Angine de Poitrine in May 2026 at the Great Escape by Pauil Hudson. Angine de Poitrine in May 2026 at the Great Escape by Pauil Hudson. (Via WikiMedia — License: CC BY 4.0)

This morning I installed a music player that I am unfamiliar with, and decided that the first thing I should listen to is Angine de Poitrine Vol. 1 and Vol. II since I hadn't listened to them in a while. And then I found, by coincidence that they played the Montreal Jazz Festival last Saturday (June 27th, 2026) and broke the attendance record set by Stevie Wonder in 2009. I cannot imagine what the guys behind Khn and Klek are thinking right now. Just a year ago they were relatively unknown, and now they're playing for 200,000 fans in their hometown.

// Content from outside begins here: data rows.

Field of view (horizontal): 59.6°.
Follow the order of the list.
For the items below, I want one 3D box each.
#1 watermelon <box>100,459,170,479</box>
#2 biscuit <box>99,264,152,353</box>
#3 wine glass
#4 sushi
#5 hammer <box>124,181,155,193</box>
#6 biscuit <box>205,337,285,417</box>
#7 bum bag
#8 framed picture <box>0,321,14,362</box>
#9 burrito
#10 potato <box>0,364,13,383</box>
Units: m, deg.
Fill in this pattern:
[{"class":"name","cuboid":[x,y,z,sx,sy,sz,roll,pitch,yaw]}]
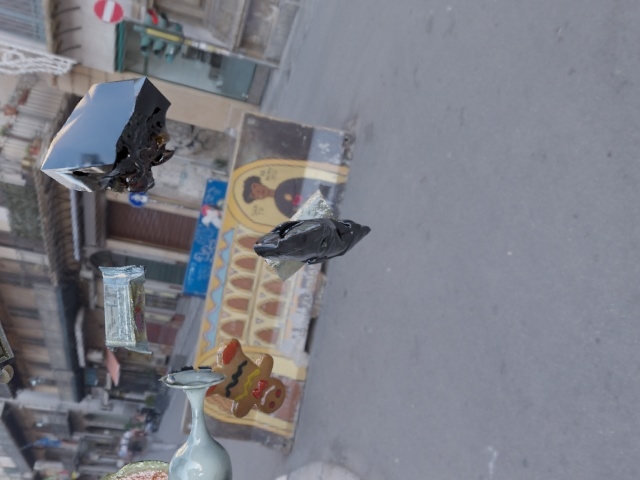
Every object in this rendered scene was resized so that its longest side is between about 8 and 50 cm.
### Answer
[{"class":"watermelon","cuboid":[-0.349,0.580,1.274,0.159,0.304,0.128,47,-115,-81]},{"class":"biscuit","cuboid":[-0.668,0.239,1.922,0.079,0.186,0.308,-8,-85,-69]},{"class":"wine glass","cuboid":[-0.253,0.427,1.152,0.143,0.144,0.320,-171,79,-76]},{"class":"sushi","cuboid":[-0.466,-0.219,1.301,0.212,0.216,0.226,51,-136,-57]},{"class":"hammer","cuboid":[-0.614,-0.176,1.796,0.078,0.201,0.021,-56,-40,-49]},{"class":"biscuit","cuboid":[-0.167,0.341,1.335,0.036,0.250,0.165,8,62,48]},{"class":"bum bag","cuboid":[0.000,0.000,1.147,0.340,0.144,0.095,2,-107,-66]},{"class":"framed picture","cuboid":[-0.678,0.220,0.989,0.024,0.232,0.315,59,148,8]},{"class":"burrito","cuboid":[-0.056,-0.012,1.792,0.299,0.143,0.105,-47,-2,-5]},{"class":"potato","cuboid":[-0.995,0.424,1.781,0.093,0.037,0.036,-45,11,38]}]
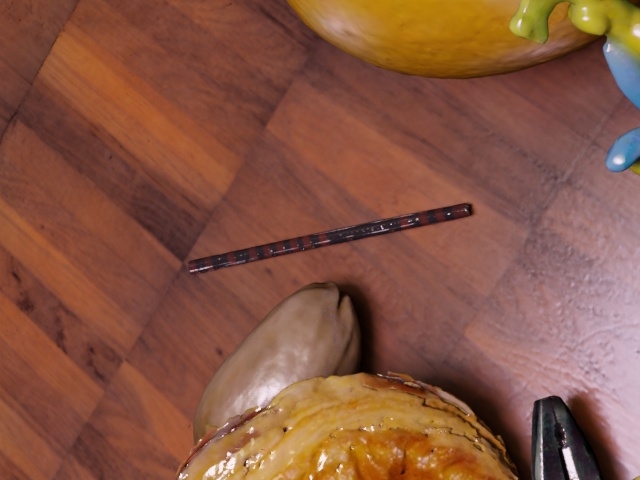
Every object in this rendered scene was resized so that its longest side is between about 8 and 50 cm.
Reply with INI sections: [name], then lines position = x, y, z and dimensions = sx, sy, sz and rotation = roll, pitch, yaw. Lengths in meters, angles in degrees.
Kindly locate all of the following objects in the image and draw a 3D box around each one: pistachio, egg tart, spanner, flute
[pistachio]
position = -0.030, 0.117, 0.979
dimensions = 0.108, 0.126, 0.185
rotation = 32, 102, -17
[egg tart]
position = 0.018, 0.231, 0.909
dimensions = 0.297, 0.132, 0.297
rotation = -1, 94, -10
[spanner]
position = 0.200, 0.268, 0.854
dimensions = 0.095, 0.040, 0.325
rotation = -12, 82, -12
[flute]
position = 0.000, 0.000, 1.017
dimensions = 0.269, 0.014, 0.014
rotation = -12, 81, 27

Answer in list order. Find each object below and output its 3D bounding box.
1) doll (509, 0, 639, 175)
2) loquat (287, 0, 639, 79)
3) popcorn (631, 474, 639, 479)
[doll]
position = 0.283, -0.171, 0.712
dimensions = 0.346, 0.341, 0.099
rotation = -56, 39, 6
[loquat]
position = 0.088, -0.271, 0.799
dimensions = 0.328, 0.359, 0.329
rotation = -12, 65, 28
[popcorn]
position = 0.297, 0.150, 0.730
dimensions = 0.234, 0.217, 0.181
rotation = 3, 69, -3
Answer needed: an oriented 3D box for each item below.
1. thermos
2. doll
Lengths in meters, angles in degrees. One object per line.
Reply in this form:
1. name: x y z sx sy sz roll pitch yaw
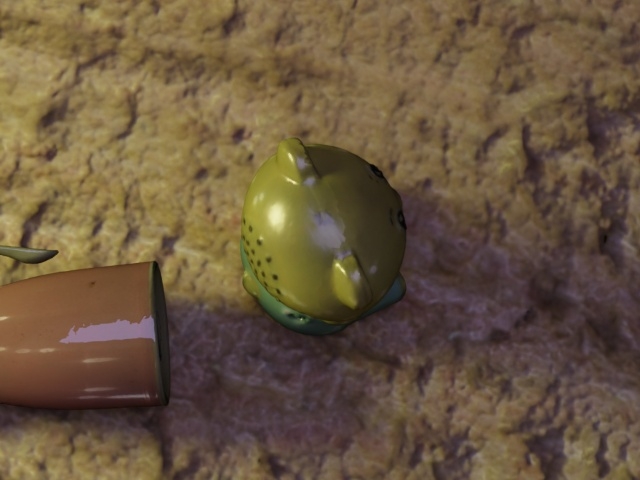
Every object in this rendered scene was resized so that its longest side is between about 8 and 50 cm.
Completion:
1. thermos: -0.288 0.089 1.808 0.265 0.146 0.176 -3 85 -1
2. doll: 0.000 0.000 1.792 0.161 0.260 0.177 -22 82 -8
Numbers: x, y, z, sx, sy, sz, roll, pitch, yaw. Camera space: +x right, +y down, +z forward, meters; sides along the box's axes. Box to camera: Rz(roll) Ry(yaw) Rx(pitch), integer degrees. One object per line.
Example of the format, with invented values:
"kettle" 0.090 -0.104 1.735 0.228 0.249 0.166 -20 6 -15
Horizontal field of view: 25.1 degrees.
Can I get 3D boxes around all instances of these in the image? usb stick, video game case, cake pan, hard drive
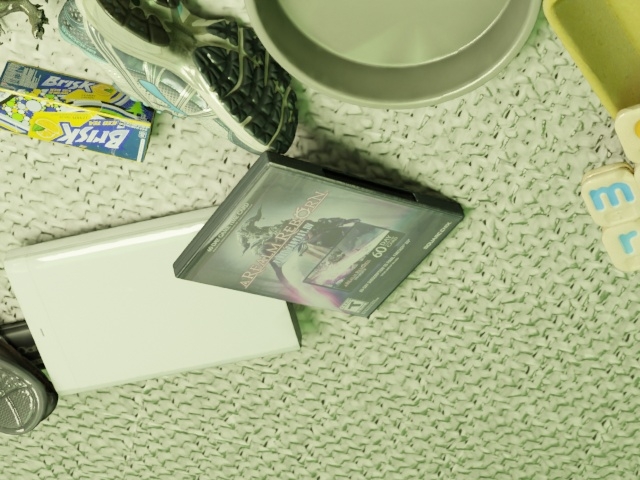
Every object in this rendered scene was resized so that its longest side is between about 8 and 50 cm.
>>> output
"usb stick" -0.334 0.125 1.808 0.278 0.045 0.077 -13 123 17
"video game case" 0.000 0.000 1.603 0.274 0.026 0.196 13 133 -36
"cake pan" 0.071 -0.260 1.409 0.293 0.054 0.293 3 132 3
"hard drive" -0.195 0.071 1.706 0.307 0.040 0.203 -11 121 8

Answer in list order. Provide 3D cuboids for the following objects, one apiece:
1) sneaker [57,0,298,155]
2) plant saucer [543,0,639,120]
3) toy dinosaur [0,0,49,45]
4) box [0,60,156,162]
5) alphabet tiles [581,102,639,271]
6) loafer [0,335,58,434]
"sneaker" -0.146 -0.180 1.492 0.283 0.110 0.122 38 143 -23
"plant saucer" 0.435 -0.206 1.404 0.333 0.081 0.333 -24 125 25
"toy dinosaur" -0.333 -0.264 1.446 0.118 0.064 0.268 9 129 7
"box" -0.265 -0.139 1.554 0.169 0.054 0.059 14 132 -6
"alphabet tiles" 0.420 -0.055 1.475 0.284 0.021 0.278 -17 129 20
"loafer" -0.454 0.133 1.766 0.302 0.095 0.109 35 100 7

There have been a couple of things that I keep hearing and reading about Angine de Poitrine that bother me. The first is they are the “Answer to AI” or “AI could never come up with this music”. The second is they are just a fad and won't survive. And, of course, I have some thoughts on both of these topics.

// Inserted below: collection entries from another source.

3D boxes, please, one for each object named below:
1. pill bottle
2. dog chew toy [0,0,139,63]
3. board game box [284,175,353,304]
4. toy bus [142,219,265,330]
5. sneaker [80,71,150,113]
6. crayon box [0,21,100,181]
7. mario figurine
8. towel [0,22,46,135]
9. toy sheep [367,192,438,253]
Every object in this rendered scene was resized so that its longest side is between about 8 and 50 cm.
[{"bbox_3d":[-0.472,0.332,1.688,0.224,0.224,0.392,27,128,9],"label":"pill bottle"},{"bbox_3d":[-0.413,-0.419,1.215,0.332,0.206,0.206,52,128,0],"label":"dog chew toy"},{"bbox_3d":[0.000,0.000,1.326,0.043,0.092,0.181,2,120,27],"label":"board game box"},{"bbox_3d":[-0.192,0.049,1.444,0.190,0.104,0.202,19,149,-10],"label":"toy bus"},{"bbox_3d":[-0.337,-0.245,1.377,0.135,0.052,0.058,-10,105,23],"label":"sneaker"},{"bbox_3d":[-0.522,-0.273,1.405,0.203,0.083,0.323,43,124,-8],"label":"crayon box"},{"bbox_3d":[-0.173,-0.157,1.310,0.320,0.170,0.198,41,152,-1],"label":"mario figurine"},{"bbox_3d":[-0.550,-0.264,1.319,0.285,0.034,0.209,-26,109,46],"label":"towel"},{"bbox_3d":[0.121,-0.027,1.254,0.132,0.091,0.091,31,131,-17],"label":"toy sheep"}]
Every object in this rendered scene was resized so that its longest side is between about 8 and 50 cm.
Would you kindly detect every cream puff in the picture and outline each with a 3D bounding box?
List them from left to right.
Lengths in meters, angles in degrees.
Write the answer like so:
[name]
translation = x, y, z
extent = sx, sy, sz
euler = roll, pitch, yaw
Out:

Are They The Answer to AI?

I both agree and disagree with people who say this. There are two ways to look at it. The first way, and this is what most people mean, is that Artificial Intelligence could not create microtonal music based on building loops. The premise is that we don't normally listen to microtonal music, so there is no way an AI could come up with it on it's own.

But, what if I were to say that we do listen to microtonal music, just not nearly as much or as often as we do equal temperament music? We've had groups like King Gizzard and the Lizard Wizard that have incorporated microtonality into their music for over a decade. True, they haven't risen to the same level of popularity of Angine de Poitrine, but they have proven popular enough to have produced twenty-five albums worth of music.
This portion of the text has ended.